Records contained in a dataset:
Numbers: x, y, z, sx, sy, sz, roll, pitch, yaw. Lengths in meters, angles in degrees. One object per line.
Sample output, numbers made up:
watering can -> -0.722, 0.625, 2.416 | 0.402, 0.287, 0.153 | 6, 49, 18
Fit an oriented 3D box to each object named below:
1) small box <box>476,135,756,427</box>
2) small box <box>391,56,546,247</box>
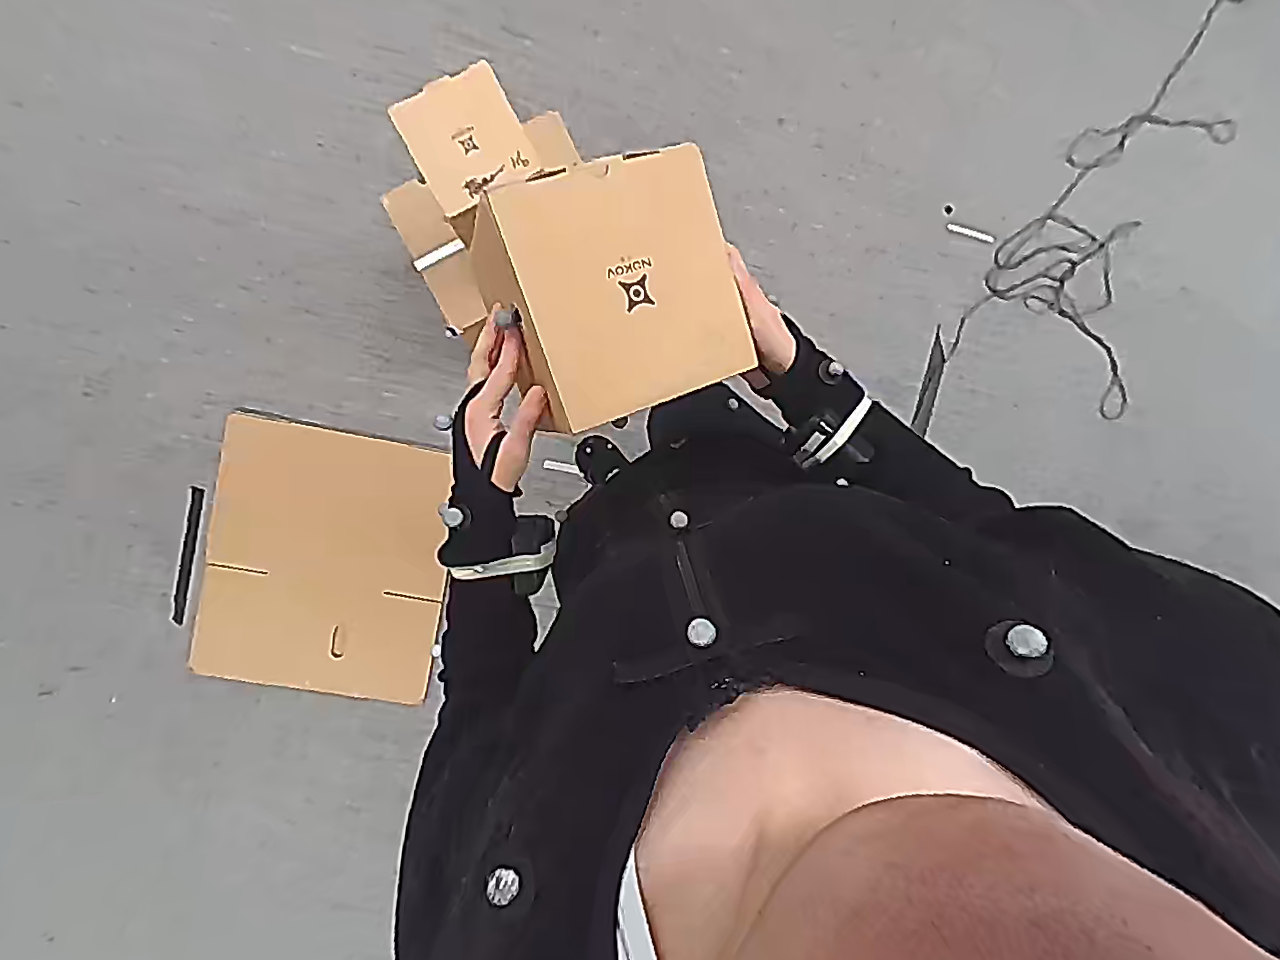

◆ **YOUR TASK**
From the data above, copy each line where the string "object" appears.

◆ **REPLY TO THE EXERCISE**
Numbers: x, y, z, sx, sy, sz, roll, pitch, yaw. Lengths in meters, angles in degrees. One object per line.
Fit an oriented 3D box to each object named below:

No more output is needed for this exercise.